**Data**:
....................
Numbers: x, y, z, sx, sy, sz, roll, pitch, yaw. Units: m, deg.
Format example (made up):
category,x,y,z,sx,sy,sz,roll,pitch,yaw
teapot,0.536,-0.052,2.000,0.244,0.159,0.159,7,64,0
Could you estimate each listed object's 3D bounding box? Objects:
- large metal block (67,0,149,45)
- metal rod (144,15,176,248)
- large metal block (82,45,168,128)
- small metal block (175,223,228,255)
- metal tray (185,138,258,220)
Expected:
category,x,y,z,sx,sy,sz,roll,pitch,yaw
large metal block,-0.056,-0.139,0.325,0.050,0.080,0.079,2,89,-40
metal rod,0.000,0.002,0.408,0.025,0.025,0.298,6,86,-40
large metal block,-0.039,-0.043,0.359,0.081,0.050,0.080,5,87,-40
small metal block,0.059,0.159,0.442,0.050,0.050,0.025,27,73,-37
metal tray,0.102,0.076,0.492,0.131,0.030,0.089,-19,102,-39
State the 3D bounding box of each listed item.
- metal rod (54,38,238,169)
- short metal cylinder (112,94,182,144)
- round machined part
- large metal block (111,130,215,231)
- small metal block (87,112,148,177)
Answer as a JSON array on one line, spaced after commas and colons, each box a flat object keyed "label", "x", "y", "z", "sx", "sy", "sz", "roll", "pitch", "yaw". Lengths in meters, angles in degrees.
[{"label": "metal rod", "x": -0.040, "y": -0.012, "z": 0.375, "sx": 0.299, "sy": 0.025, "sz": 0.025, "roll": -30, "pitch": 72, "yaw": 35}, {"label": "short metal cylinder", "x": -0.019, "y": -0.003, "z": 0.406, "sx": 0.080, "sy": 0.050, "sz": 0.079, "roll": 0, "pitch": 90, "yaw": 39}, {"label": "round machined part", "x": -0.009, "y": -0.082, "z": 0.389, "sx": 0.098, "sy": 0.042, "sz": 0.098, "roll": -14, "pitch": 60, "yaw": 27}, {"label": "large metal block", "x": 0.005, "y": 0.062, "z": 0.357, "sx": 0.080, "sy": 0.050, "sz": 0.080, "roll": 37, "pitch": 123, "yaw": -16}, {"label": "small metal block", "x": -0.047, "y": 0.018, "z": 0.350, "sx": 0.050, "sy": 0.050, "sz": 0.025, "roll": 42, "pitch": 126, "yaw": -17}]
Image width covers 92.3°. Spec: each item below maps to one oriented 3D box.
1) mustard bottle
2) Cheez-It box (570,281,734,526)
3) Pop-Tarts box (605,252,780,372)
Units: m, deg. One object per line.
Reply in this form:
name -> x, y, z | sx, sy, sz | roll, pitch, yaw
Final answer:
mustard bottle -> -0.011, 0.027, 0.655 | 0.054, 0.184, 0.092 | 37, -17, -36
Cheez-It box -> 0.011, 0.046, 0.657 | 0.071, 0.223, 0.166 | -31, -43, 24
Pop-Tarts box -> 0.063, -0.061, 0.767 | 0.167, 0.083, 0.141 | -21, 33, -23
....................
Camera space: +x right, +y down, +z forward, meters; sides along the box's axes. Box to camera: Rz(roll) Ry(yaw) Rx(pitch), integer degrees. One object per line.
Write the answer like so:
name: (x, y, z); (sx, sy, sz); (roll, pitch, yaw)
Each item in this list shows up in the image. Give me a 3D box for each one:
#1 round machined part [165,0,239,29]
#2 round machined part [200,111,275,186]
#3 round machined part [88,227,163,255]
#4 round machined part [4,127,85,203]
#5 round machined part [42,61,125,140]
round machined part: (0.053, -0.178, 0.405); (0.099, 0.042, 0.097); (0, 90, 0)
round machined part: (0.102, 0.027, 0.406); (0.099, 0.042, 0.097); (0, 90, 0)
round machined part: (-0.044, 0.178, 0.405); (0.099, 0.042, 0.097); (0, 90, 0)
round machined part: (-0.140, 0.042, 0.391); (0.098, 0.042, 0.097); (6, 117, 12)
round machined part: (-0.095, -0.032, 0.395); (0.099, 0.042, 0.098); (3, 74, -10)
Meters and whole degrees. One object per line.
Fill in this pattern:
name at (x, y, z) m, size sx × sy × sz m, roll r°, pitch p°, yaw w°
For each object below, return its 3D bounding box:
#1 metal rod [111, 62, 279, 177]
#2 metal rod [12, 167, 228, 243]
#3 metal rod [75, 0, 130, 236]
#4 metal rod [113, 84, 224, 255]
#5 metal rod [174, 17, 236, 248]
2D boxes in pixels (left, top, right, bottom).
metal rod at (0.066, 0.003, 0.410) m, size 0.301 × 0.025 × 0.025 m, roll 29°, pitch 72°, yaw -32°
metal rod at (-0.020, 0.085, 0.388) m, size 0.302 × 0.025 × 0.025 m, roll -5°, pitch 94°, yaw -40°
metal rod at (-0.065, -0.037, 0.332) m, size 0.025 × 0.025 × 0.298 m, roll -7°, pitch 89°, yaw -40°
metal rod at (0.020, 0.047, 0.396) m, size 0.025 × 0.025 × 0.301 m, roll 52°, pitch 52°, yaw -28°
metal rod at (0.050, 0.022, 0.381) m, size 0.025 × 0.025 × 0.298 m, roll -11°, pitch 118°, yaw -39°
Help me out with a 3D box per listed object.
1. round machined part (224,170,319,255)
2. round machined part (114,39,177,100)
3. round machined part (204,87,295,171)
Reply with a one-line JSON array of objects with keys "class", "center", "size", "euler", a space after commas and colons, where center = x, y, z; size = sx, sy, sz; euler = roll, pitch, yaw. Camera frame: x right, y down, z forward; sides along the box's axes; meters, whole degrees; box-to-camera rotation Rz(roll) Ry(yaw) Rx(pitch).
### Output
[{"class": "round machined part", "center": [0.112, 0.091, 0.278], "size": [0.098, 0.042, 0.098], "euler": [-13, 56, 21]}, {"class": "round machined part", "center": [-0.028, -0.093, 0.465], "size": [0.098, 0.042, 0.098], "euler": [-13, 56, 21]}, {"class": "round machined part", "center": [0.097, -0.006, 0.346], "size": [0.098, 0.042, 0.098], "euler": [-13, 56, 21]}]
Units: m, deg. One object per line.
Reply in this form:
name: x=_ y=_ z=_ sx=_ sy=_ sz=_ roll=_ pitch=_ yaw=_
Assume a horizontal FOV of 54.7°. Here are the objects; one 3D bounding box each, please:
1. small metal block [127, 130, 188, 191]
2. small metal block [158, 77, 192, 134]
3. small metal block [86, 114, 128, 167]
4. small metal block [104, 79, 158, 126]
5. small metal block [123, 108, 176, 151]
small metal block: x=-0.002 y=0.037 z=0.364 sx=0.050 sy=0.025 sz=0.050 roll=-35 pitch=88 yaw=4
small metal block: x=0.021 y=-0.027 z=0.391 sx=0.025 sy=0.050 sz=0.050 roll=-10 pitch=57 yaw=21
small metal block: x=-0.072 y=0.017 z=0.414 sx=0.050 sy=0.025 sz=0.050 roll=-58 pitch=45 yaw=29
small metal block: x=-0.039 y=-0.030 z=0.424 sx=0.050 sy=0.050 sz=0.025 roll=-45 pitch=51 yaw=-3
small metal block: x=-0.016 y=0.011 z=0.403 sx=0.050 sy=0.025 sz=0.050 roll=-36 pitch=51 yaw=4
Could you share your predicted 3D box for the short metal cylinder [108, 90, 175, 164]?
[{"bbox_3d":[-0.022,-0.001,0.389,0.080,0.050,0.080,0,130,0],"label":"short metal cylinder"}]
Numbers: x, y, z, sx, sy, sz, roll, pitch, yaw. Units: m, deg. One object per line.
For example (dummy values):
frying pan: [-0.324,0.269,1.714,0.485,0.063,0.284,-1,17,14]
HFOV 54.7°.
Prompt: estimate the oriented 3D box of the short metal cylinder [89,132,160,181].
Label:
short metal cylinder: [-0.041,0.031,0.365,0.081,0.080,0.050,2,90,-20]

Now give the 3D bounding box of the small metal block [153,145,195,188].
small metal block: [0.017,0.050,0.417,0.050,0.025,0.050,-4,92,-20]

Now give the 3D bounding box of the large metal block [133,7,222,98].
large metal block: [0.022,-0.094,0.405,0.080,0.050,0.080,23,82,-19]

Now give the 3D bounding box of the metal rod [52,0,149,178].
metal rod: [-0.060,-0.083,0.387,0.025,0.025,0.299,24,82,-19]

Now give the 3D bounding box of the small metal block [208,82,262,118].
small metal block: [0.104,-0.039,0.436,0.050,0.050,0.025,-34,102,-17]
....................
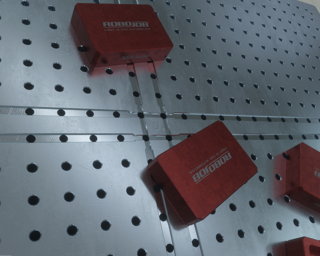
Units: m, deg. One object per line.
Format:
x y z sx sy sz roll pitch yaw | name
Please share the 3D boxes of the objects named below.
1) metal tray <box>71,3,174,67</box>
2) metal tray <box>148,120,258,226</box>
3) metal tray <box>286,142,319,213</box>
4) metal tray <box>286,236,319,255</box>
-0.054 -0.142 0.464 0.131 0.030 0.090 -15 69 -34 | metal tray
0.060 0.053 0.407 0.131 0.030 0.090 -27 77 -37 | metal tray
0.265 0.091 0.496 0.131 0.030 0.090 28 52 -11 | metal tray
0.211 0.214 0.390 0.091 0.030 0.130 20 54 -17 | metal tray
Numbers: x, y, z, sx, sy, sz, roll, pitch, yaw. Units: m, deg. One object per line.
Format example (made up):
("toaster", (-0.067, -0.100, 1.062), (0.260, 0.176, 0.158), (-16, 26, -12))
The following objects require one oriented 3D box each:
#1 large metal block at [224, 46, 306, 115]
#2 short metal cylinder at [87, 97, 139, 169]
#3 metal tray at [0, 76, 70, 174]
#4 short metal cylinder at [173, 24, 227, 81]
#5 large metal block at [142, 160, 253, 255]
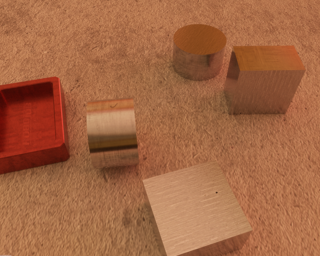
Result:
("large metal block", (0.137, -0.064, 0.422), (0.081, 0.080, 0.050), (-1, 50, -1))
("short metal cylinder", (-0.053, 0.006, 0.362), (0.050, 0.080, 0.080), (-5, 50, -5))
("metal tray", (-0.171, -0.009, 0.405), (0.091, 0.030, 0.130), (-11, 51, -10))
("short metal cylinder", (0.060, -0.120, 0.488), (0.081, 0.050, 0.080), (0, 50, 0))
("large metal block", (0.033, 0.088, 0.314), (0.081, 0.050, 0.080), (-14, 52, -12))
....................
**Exercise**:
Every line above from the line with "#1 large metal block at [224, 46, 306, 115]" to the line with "#5 large metal block at [142, 160, 253, 255]", both included, must be reproduced exactly, and no other line may appear.

**Response area**:
#1 large metal block at [224, 46, 306, 115]
#2 short metal cylinder at [87, 97, 139, 169]
#3 metal tray at [0, 76, 70, 174]
#4 short metal cylinder at [173, 24, 227, 81]
#5 large metal block at [142, 160, 253, 255]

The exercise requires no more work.